I was called “heartless” for urging police to refer beggars to support services. But funding drug habits to salve a liberal conscience is the truly cruel approach.

In Rochdale, like many other towns across the country, we’re working hard to support small businesses and make our high streets inviting places for people to visit. So it doesn’t help when growing numbers of aggressive street beggars are becoming a regular fixture on the streets, accosting shoppers.

I’ve raised this with the police on several occasions now and when I tweeted that they needed to enforce laws preventing begging and refer them to appropriate services, all hell broke loose on social media. I was condemned as heartless, evil and, of course, the favourite insult of all left-wing trolls, “a Tory”.

An article in the Guardian supported this knee-jerk consensus that I was a typically out-of-touch politician who didn’t understand the underlying reasons for begging and accused me of being “misguided” and showing “open disdain” for the poor. 

The problem is, this isn’t true, as I know plenty about begging.

Before I became an MP, I worked as a researcher for The Big Issue and went on to set up a social research company that carried out significant research on street begging, including a major report that was published by the homeless charity, Crisis.

When I worked at The Big Issue, the strapline on the magazine used to say: “Working not Begging”. This encapsulated its philosophy of dignity in work and empowering people to help themselves. I’ve seen many people’s lives transformed through the work of The Big Issue, but I’ve never seen one person’s life transformed by thrusting small change at them as they beg in the street.

The Big Issue’s founder, John Bird, has argued this position very eloquently over the years. Giving to beggars helps no one, he says. “On the contrary, it locks the beggar in a downward spiral of abject dependency and victimhood, where all self-respect, honesty and hope are lost.”

Even though he’s now doing great work in the House of Lords, much of Bird’s transformative zeal is lost on politicians. Too many on the right have no interest in helping the poor, while too many on the left are more interested in easing their conscience than grappling with the hard solutions required to turn chaotic lives around.

But a good starting point is always to examine the facts.

The Labour leader of Manchester City Council, Richard Leese, has cited evidence that suggests that 80 per cent of street beggars in Manchester are not homeless. And national police figures have shown that fewer than one in five people arrested for begging are homeless.

Further research overwhelmingly shows the most powerful motivating force behind begging is to fund drug addiction. The homeless charity, Thames Reach, estimates that 80 per cent of beggars in London do so to support a drug habit, particularly crack cocaine and heroin, while drug-testing figures by the Metropolitan Police on beggars indicated that between 70 and 80 per cent tested positive for Class A drugs.

It’s important to distinguish that homelessness and begging can be very different sets of circumstances. As Thames Reach puts it, “most rough sleepers don’t beg and most beggars aren’t rough sleepers”.

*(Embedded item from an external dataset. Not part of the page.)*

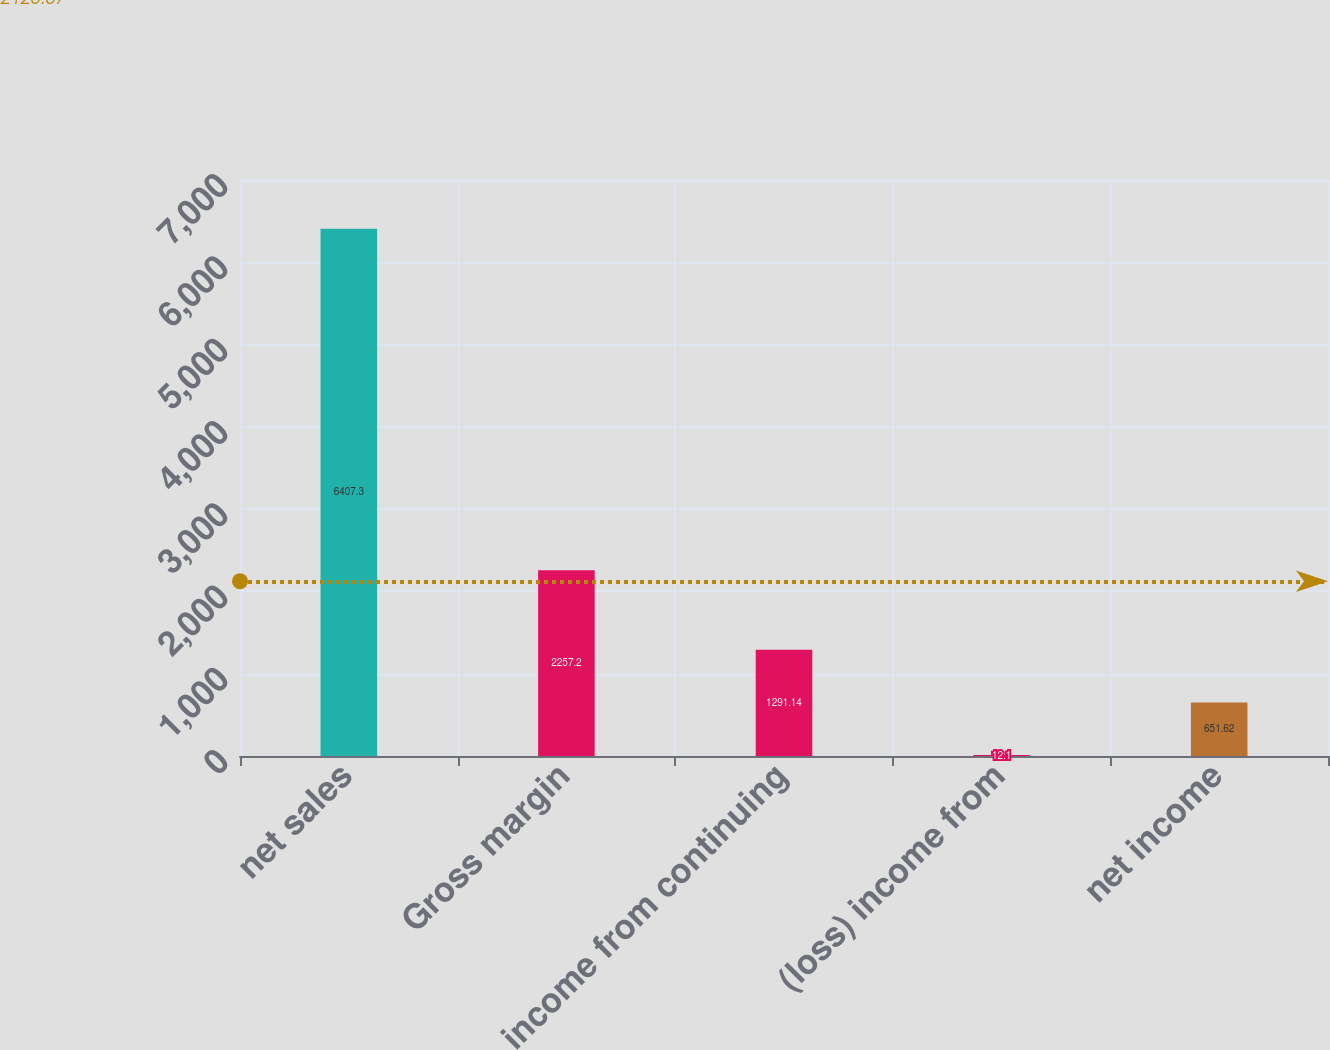<chart> <loc_0><loc_0><loc_500><loc_500><bar_chart><fcel>net sales<fcel>Gross margin<fcel>income from continuing<fcel>(loss) income from<fcel>net income<nl><fcel>6407.3<fcel>2257.2<fcel>1291.14<fcel>12.1<fcel>651.62<nl></chart> 
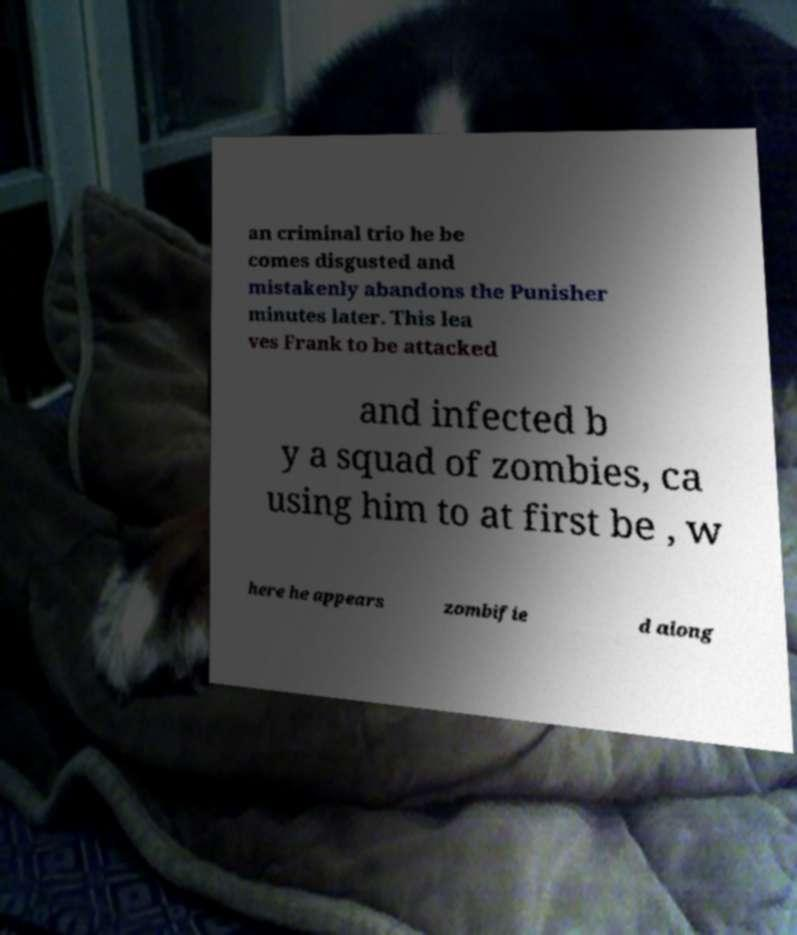Please read and relay the text visible in this image. What does it say? an criminal trio he be comes disgusted and mistakenly abandons the Punisher minutes later. This lea ves Frank to be attacked and infected b y a squad of zombies, ca using him to at first be , w here he appears zombifie d along

And this is why they often require different solutions.

In the case of begging, breaking a chaotic drug dependency is hard and the important first step is arrest referral – ie. the police referring beggars on to specialised support services.  The police approach to begging is inconsistent – with action often only coming after local pressure. For example, when West Midlands Police received over 1,000 complaints about street begging, a crackdown was launched. This is not the case everywhere, but only the police have the power to pick beggars up and start a process that can turn their lives around.

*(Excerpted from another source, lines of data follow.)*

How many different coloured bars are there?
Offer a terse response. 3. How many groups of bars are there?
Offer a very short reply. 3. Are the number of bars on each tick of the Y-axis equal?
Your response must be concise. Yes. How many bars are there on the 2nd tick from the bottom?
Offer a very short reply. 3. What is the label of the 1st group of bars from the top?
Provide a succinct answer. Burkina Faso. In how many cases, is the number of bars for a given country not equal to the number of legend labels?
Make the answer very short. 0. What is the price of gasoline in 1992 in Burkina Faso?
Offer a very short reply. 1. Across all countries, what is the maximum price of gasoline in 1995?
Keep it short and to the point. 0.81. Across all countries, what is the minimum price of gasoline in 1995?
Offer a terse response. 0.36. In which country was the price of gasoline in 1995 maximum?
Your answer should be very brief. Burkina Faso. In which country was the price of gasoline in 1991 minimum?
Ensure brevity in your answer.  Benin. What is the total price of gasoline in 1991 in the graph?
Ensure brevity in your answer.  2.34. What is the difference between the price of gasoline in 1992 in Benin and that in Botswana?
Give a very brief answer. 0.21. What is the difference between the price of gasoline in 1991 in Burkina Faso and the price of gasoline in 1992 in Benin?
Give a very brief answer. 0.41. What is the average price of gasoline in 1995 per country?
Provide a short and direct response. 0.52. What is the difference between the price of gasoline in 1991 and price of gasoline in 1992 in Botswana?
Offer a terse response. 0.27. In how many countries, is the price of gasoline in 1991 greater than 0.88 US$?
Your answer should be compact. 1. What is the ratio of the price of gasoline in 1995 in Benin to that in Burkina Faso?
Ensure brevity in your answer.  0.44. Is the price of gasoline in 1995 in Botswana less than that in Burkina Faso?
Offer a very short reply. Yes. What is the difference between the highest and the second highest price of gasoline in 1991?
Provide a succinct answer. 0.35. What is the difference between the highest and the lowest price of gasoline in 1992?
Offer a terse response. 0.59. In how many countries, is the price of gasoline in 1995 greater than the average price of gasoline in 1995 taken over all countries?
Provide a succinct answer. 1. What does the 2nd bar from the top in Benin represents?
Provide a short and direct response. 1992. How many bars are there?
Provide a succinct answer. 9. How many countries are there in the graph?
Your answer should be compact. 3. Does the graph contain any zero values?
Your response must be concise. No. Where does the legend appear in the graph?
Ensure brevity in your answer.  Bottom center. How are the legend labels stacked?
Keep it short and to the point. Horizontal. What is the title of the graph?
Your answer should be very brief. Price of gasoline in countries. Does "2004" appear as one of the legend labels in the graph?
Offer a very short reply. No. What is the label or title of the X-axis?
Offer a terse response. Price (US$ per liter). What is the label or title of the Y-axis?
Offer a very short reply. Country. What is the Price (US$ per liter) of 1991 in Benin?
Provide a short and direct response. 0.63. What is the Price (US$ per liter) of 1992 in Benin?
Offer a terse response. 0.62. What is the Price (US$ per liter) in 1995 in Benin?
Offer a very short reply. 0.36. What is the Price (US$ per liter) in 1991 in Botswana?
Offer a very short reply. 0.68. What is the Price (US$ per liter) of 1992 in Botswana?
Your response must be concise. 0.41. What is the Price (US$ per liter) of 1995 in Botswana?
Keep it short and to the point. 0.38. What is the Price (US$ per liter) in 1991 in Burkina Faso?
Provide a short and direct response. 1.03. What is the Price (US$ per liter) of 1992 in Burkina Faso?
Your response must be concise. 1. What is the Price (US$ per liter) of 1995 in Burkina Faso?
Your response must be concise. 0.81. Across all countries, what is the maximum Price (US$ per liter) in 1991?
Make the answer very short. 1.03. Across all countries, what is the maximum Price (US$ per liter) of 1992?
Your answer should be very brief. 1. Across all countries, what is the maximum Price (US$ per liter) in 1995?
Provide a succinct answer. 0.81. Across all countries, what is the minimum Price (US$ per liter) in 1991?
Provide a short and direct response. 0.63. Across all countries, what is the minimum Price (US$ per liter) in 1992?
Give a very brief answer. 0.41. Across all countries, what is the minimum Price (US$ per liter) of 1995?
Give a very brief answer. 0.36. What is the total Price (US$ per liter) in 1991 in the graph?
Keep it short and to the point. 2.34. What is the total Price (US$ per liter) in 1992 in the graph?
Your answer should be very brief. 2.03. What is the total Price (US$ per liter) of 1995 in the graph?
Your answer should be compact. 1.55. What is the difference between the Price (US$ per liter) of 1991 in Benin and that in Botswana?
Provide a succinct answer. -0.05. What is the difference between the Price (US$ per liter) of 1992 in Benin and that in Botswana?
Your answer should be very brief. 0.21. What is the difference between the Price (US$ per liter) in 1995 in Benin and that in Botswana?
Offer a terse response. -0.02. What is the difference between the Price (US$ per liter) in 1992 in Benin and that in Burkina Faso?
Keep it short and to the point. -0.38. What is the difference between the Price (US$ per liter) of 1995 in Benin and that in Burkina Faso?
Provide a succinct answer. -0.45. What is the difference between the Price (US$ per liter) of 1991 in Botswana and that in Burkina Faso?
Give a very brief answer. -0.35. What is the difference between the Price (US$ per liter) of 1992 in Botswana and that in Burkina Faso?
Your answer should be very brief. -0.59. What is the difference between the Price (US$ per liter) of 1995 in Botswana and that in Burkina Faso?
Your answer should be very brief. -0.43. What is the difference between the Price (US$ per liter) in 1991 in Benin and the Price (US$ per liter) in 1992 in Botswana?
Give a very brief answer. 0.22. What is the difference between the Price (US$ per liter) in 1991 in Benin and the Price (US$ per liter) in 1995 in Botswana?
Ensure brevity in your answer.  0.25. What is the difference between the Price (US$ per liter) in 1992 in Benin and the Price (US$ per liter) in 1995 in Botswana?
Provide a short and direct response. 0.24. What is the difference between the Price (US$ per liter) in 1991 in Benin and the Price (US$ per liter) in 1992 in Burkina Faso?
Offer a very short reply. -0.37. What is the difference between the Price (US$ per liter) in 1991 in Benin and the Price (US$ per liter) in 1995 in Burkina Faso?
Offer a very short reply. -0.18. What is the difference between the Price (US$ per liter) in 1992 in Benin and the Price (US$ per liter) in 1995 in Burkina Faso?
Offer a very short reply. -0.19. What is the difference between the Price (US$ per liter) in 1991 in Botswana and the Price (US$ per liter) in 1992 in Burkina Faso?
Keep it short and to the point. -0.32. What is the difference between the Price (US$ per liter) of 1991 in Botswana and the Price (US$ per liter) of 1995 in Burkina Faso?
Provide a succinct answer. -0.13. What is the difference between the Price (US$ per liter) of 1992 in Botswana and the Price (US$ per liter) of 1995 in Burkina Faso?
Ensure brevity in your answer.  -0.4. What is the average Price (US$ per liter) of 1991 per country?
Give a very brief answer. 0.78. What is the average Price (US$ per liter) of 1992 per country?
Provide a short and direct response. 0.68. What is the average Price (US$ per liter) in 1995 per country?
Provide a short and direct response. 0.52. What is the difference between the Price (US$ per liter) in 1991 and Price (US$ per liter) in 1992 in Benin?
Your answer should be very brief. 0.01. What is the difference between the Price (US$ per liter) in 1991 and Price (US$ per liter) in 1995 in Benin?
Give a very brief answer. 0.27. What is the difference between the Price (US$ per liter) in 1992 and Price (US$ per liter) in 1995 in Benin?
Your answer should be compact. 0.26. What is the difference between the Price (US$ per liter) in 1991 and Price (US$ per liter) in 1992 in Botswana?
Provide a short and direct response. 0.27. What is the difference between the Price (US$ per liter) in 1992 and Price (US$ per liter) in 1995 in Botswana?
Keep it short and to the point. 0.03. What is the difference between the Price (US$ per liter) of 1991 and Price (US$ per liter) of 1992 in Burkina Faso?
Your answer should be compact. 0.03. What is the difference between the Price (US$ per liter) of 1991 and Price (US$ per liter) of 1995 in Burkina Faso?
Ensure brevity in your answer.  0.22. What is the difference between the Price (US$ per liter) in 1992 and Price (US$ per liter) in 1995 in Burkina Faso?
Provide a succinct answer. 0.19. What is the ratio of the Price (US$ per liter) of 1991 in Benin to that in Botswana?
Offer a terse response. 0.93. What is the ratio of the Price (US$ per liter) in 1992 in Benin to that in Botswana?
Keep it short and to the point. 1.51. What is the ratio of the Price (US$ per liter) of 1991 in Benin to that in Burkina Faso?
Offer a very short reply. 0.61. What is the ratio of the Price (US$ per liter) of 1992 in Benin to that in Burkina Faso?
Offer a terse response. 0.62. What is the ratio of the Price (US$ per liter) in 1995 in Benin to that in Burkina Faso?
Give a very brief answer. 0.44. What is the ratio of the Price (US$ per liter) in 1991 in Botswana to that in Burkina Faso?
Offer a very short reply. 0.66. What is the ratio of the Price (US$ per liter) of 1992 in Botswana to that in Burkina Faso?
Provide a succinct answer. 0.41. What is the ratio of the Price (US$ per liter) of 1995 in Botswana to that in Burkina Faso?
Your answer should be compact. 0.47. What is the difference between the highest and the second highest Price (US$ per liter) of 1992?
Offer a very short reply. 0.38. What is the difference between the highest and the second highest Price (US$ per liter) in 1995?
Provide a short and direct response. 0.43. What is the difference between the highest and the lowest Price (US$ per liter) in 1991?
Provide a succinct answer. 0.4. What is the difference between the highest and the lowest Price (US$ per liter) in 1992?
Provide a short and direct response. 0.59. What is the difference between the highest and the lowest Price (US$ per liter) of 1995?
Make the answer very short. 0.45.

With drug-related deaths hitting record levels in England and Wales in recent years, combined with cuts to drug addiction services and a nine per cent cut to local authority health budgets over the next three years, all the conditions are in place for things to get a lot worse.

This week there will be an important homelessness debate in Parliament, as Bob Blackman MP's Homelessness Reduction Bill is due to come back before the House of Commons for report stage. This is welcome legislation, but until we start to properly distinguish the unique set of problems and needs that beggars have, I fear begging on the streets will increase.

Eighteen years ago, I was involved in a report called Drugs at the Sharp End, which called on the government to urgently review its drug strategy. Its findings were presented to the government’s drugs czar Keith Hellawell on Newsnight and there was a sense that the penny was finally dropping.

I feel we’ve gone backwards since then. Not just in the progress that has been undone through services being cut, but also in terms of general attitudes towards begging.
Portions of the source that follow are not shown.